Quantiles are calculated empirically, using algorithm 8 from the built-in quantile function.
# mean and 95% quantiles
summarize_stats_CSV(read_dir = analysis_folders[2], write_dir = analysis_folders[3],
spn_P = SPN_P, tmax = tmax, dt = dt, mean = TRUE,
quantiles = c(0.025, 0.975), verbose = FALSE)
Since repetitions are summarized, we do not have the same directory structure in the analyzed
folder, just the summaries.
list.files(path = analysis_folders[3])
#> [1] "E_Mean_0001.csv" "E_Mean_0002.csv"
#> [3] "E_Quantile_00250_0001.csv" "E_Quantile_00250_0002.csv"
#> [5] "E_Quantile_09750_0001.csv" "E_Quantile_09750_0002.csv"
#> [7] "FE_Mean_0001.csv" "FE_Mean_0002.csv"

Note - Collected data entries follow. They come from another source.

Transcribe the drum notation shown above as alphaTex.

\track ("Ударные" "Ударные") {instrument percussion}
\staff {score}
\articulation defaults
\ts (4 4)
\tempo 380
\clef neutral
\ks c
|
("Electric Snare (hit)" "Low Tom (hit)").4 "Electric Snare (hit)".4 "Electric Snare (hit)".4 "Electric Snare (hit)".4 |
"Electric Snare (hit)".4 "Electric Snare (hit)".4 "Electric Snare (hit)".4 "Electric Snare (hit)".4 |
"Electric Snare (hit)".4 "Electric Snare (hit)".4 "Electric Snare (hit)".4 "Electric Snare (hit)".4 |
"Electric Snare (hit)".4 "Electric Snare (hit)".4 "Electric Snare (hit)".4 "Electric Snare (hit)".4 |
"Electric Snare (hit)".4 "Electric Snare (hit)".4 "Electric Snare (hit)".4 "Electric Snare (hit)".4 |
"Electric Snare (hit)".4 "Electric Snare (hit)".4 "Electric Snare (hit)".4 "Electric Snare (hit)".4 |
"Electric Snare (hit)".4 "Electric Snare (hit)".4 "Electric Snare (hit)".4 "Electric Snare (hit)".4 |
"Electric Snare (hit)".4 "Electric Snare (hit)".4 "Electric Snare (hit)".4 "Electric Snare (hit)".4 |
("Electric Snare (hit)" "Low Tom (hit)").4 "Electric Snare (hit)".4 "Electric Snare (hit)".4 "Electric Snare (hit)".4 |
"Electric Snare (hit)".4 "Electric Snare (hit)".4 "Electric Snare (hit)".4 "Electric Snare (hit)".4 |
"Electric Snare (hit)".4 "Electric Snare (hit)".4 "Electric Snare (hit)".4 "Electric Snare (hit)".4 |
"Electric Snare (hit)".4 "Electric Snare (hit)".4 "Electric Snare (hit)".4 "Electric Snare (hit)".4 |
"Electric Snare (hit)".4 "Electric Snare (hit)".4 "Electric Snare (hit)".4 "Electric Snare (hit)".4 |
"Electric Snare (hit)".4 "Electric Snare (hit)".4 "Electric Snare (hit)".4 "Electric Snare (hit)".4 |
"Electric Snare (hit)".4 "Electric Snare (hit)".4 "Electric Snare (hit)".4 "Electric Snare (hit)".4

#> [9] "FE_Quantile_00250_0001.csv" "FE_Quantile_00250_0002.csv"
#> [11] "FE_Quantile_09750_0001.csv" "FE_Quantile_09750_0002.csv"
#> [13] "FI_Mean_0001.csv" "FI_Mean_0002.csv"
#> [15] "FI_Quantile_00250_0001.csv" "FI_Quantile_00250_0002.csv"
#> [17] "FI_Quantile_09750_0001.csv" "FI_Quantile_09750_0002.csv"
#> [19] "FS_Mean_0001.csv" "FS_Mean_0002.csv"
#> [21] "FS_Quantile_00250_0001.csv" "FS_Quantile_00250_0002.csv"
#> [23] "FS_Quantile_09750_0001.csv" "FS_Quantile_09750_0002.csv"
#> [25] "H_Mean_0002.csv" "H_Mean_0003.csv"
#> [27] "H_Quantile_00250_0002.csv" "H_Quantile_00250_0003.csv"
#> [29] "H_Quantile_09750_0002.csv" "H_Quantile_09750_0003.csv"
#> [31] "L_Mean_0001.csv" "L_Mean_0002.csv"
#> [33] "L_Quantile_00250_0001.csv" "L_Quantile_00250_0002.csv"
#> [35] "L_Quantile_09750_0001.csv" "L_Quantile_09750_0002.csv"
#> [37] "M_Mean_0001.csv" "M_Mean_0002.csv"
#> [39] "M_Quantile_00250_0001.csv" "M_Quantile_00250_0002.csv"
#> [41] "M_Quantile_09750_0001.csv" "M_Quantile_09750_0002.csv"
#> [43] "P_Mean_0001.csv" "P_Mean_0002.csv"
#> [45] "P_Quantile_00250_0001.csv" "P_Quantile_00250_0002.csv"
#> [47] "P_Quantile_09750_0001.csv" "P_Quantile_09750_0002.csv"
#> [49] "U_Mean_0001.csv" "U_Mean_0002.csv"
#> [51] "U_Quantile_00250_0001.csv" "U_Quantile_00250_0002.csv"
#> [53] "U_Quantile_09750_0001.csv" "U_Quantile_09750_0002.csv"
Again, the stage designation is at the front of every file name. Next, either Mean
or Quantile
. If Mean
, then the node designation. If Quantile
, which quantile, and then the node designation.
We will open the egg and susceptible females files, to see the summaries, but the structure of these files is the same as the trace files.
# read the eggs from repetition 1
egg_stage <- read.csv(file = file.path(analysis_folders[3], "E_Mean_0001.csv"),
header = TRUE)
# read susceptible females from repetition 1
fs_stage <- read.csv(file = file.path(analysis_folders[3], "FS_Mean_0001.csv"),
header = TRUE)
# eggs
dim(egg_stage)
#> [1] 26 4
# susceptible females
dim(fs_stage)
#> [1] 26 4
The dimensions are the same as the trace files. We also see that the column names are the same as well.
# eggs
colnames(egg_stage)
#> [1] "Time" "AA" "Aa" "aa"
# females
colnames(fs_stage)
#> [1] "Time" "AA" "Aa" "aa"
The plotting utilities provided by MGDrivE2 do not work on CSV output. Our assumption is that, if one is generating enough data to use the CSV utilities, then there are specific plotting requirements.